Archer: I just don't know, Trip...Las Vegas?
Trip: Don't forget that Cirque
du Soleil opened a third show.
Archer: I'll just shower and pack.
|
August 1, 2003: Welcome Las Vegas folks!
A big hello to those of you hearing about my little site through
the convention. If you're here for the first time (and even
if you're not), may I recommend "Unexpected,"
"Acquisition,"
and "Desert Crossing"
from Season 1 and "Precious
Cargo" (my personal favorite), "Stigma,"
and "The
Crossing" from Season 2. Poke around, have a laugh.
The Food Chain is very
popular.
August 2, 3003: I didn't get the EAE Award (thanks to those
who voted for me anyway! :D.), but this is the first time
it was presented as a poll instead of being the webmaster's
decision, and the other two sites were a German database site
and a large RPG. Bernd kindly noted that the runners-up may
be renominated later on and compete against more similar sites.
I'll keep you posted.
August 6, 2003: A new ENT episode!
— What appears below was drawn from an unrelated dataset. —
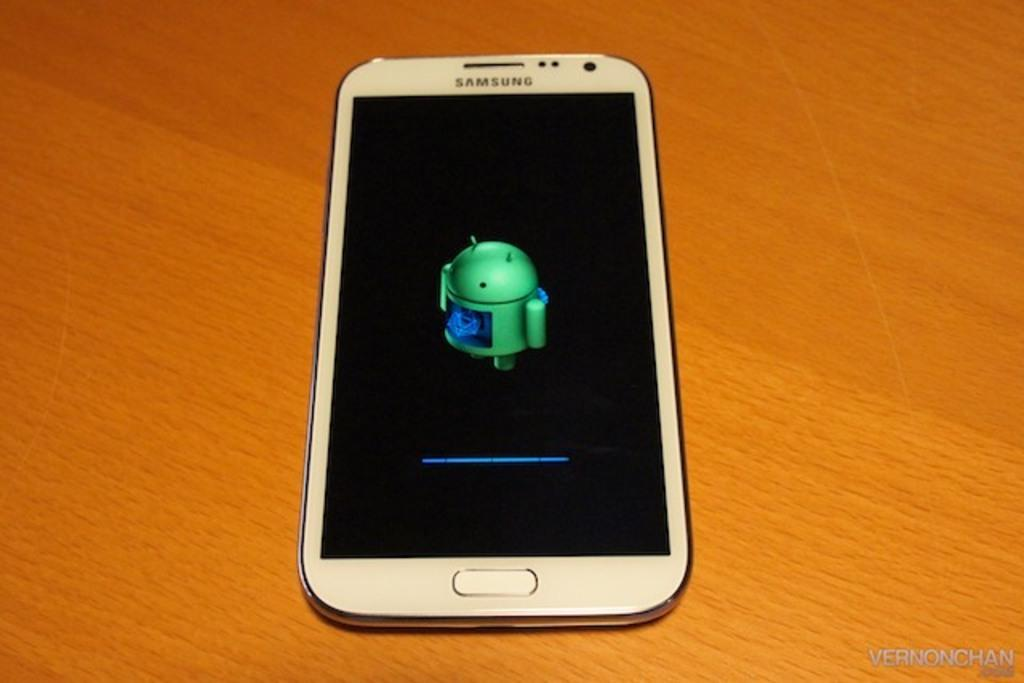<image>
Describe the image concisely. a Samsung phone that is on the table

That's
right, a brand-new photo-intensive recap of the a never-before-aired
episode of "Enterprise," exclusively here on TripHammered. Grab a cuppa and get comfy. Actually, finish
the cuppa so you don't spray your screen. Consider that your
official warning. :) Photo-intensive, so if you're on a 56K
modem...my apologies.
August 10, 2003: Fans of Plastic Fantastic
Theatre will be pleased to hear that I found Malcolm with
extra accessories, Silent Trav, EV Archer (all $2.00 off at
Toys 'R' Us), and Deluxe Broken Bow Archer with Captain's
Chair (75% off at Suncoast). I was somewhat disturbed to see
that Silent Trav has abnormally bad posture -- his head juts
forward at an alarming angle. Is this because he's supposed
to be seated at the helm and looking down, not sitting up
straight? Does Anthony Montgomery have scoliosis issues? One
wonders.
August 13, 2003: Pruned the Links page.
As always, if you find dead wood, let me know about it.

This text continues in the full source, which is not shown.